Над вечным Рейном — Лореляй.

Марина Цветаева. Германии. 1914

"Шварцвальда золотые дали"

История отношения Марины Цветаевой к Германии – это история любви, которая началась едва ли не с рождения поэтессы и закончилась незадолго до ее смерти. Германию, еще до того как Марина оказалась на немецкой земле, подарила ей мать Мария Александровна – немка по отцу, урожденная Мейн. «От матери я унаследовала Музыку, Романтизм и Германию. Просто — Музыку. Всю себя", – писала Марина в 1919 году в дневнике, который мы не раз будем цитировать. Немецкий был языком ее детства. "Первые языки: немецкий и русский, к семи годам — французский. Материнское чтение вслух и музыка", – это из автобиографии 1940 года, заметьте – немецкий язык на первом месте!

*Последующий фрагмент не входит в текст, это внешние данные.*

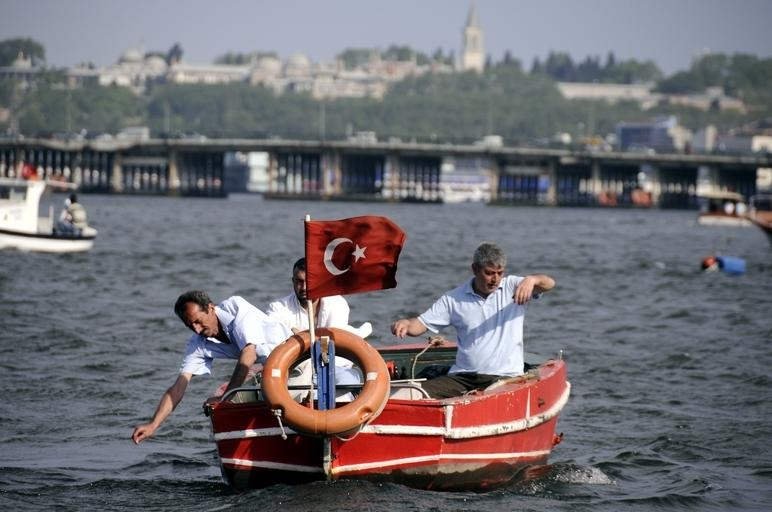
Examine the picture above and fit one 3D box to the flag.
[{"bbox_3d":[-2.324,0.114,127.599,5.523,4.934,0.502,-2,3,-6],"label":"flag"}]
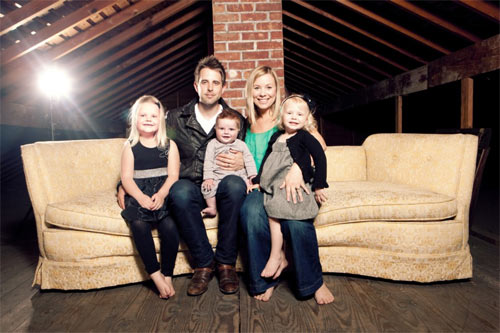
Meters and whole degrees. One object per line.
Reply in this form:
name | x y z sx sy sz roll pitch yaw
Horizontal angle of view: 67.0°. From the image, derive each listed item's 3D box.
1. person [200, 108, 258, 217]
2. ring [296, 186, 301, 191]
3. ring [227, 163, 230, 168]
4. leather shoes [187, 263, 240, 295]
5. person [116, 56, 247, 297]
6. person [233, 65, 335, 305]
person | -0.190 -0.023 2.957 0.540 0.788 0.526 -15 21 -40
ring | 0.351 0.157 2.739 0.037 0.027 0.013 0 7 -15
ring | -0.172 -0.008 2.988 0.026 0.026 0.010 1 -6 -11
leather shoes | -0.275 0.833 2.877 0.385 0.213 0.242 1 6 0
person | -0.354 0.014 2.978 0.614 1.815 0.712 0 7 -12
person | 0.244 0.071 2.947 0.669 1.751 0.779 0 7 -8
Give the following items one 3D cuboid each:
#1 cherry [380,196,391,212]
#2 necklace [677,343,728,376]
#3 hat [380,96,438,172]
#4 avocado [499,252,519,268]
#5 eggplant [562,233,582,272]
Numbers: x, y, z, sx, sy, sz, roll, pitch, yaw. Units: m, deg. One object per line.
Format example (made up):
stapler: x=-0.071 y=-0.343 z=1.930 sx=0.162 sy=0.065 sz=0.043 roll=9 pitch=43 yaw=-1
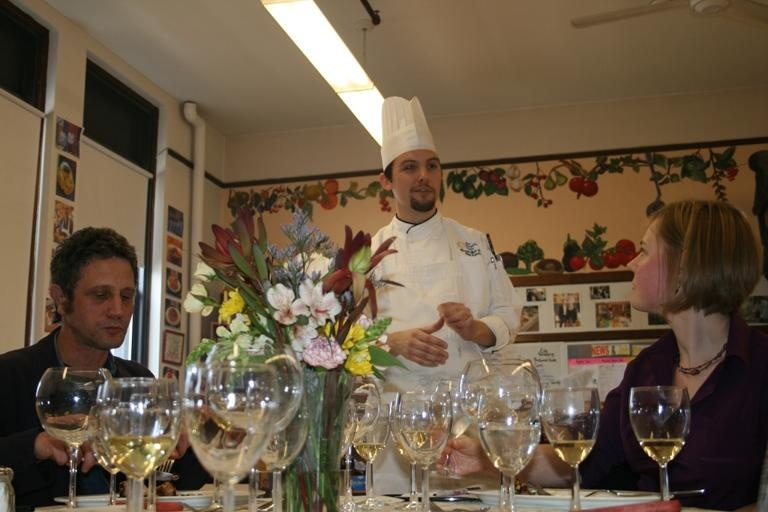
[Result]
cherry: x=0.010 y=-0.417 z=5.067 sx=0.063 sy=0.131 sz=0.043 roll=-22 pitch=-3 yaw=-7
necklace: x=1.025 y=0.342 z=2.016 sx=0.098 sy=0.017 sz=0.113 roll=-44 pitch=7 yaw=-28
hat: x=0.097 y=-0.688 z=3.326 sx=0.269 sy=0.352 sz=0.360 roll=-12 pitch=1 yaw=-20
avocado: x=0.974 y=0.034 z=4.863 sx=0.145 sy=0.112 sz=0.152 roll=-1 pitch=1 yaw=-2
eggplant: x=1.426 y=0.006 z=4.802 sx=0.104 sy=0.286 sz=0.149 roll=25 pitch=-33 yaw=-27
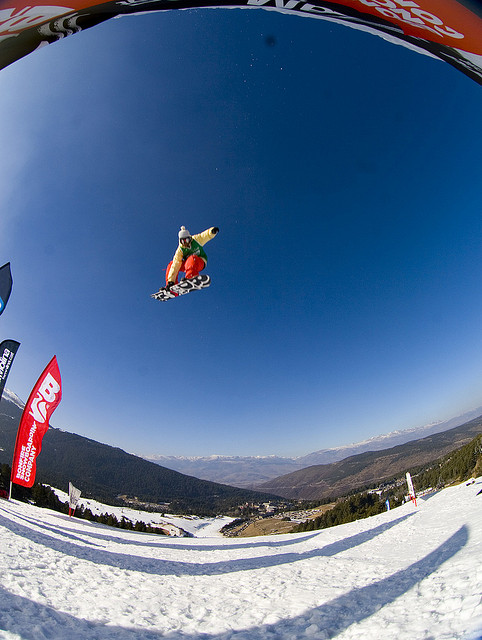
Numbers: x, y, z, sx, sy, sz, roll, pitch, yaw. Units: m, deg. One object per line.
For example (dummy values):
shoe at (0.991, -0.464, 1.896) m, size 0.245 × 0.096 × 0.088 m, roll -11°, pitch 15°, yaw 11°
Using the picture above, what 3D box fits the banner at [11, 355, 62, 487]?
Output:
banner at (-8.280, 4.205, 18.748) m, size 1.171 × 4.505 × 2.122 m, roll 17°, pitch -44°, yaw -22°

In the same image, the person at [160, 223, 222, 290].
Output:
person at (-1.598, -1.965, 14.341) m, size 1.053 × 0.997 × 2.251 m, roll 11°, pitch -41°, yaw -17°
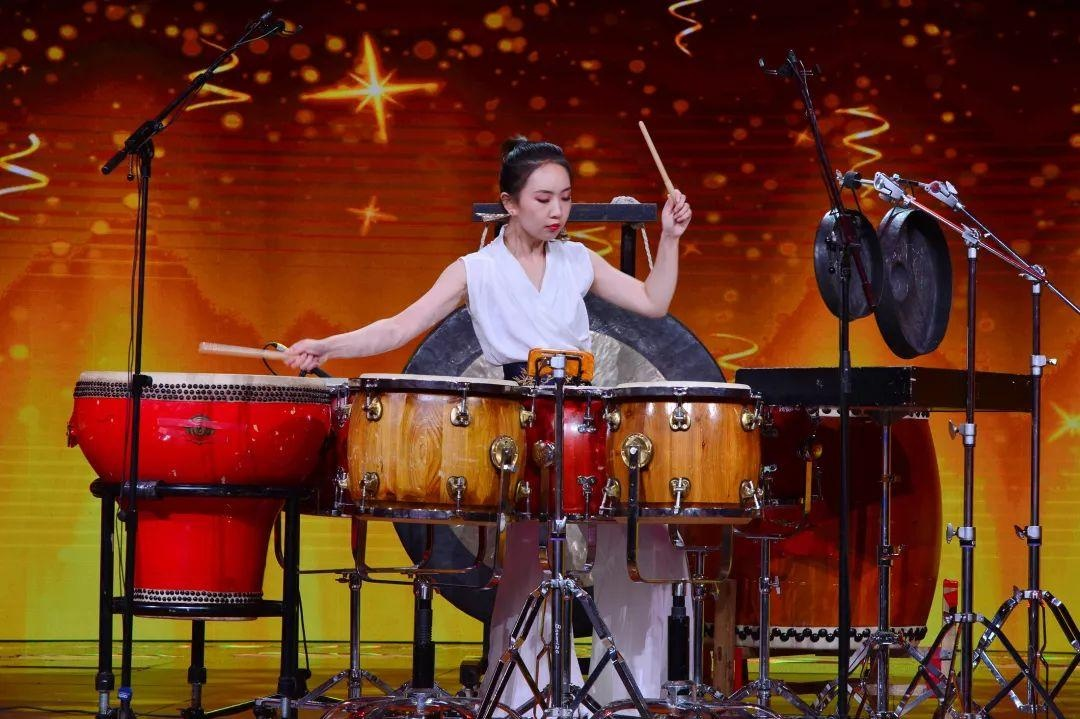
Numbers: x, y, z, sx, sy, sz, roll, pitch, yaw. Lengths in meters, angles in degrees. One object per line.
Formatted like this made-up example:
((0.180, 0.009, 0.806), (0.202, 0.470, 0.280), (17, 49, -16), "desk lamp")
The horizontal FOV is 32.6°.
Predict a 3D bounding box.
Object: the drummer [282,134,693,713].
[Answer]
((-0.176, 0.414, 8.709), (2.238, 2.688, 1.305), (1, -3, -4), "drummer")

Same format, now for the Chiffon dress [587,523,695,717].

Марина (справа) и Анастасия Цветаевы. 1905 г.

Счастливая встреча с Германией произошла в 1904 году: двенадцатилетняя Марина и ее младшая сестра Ася уже два года переезжали вместе с больной чахоткой матерью с курорта на курорт, проводили зимы в европейских пансионах. Они уже многое повидали в Европе: и австрийский Тироль, и средиземноморские скалы в Нерви, близ Генуи, и Лозанну, и Женевское озеро, и Альпы… Везде у девочек появлялись новые друзья, каждый раз им было больно расставаться с морем, озером, горами, городами. «Страсть к каждой стране как к единственной» была у Марины с детства.

Мать Марины Цветаевой Мария Александровна Мейн

И вот очередное расставание – с Лозанной – ради Шварцвальда. Его целебный воздух должен вылечить больную Марию Александровну. В деревушке Лангаккерн (Langackern) близ Фрайбурга семья, наконец, собралась вместе. Даже отец, Иван Владимирович Цветаев, погруженный в заботы о будущем Музее изящных искусств в Москве, смог провести это лето с женой и дочками. Счастье длилось почти два месяца – с 19 июля по 13 сентября. Не могу не напомнить, что за 2 недели до того, как Цветаевы поселились в Лангаккерне, неподалеку, на шварцвальдском курорте Баденвайлер, умер от той же болезни, которой страдала Мария Александровна, Антон Павлович Чехов.

"Привет из Лангаккерна!"

Старая открытка с видом пансиона "Цум Энгель"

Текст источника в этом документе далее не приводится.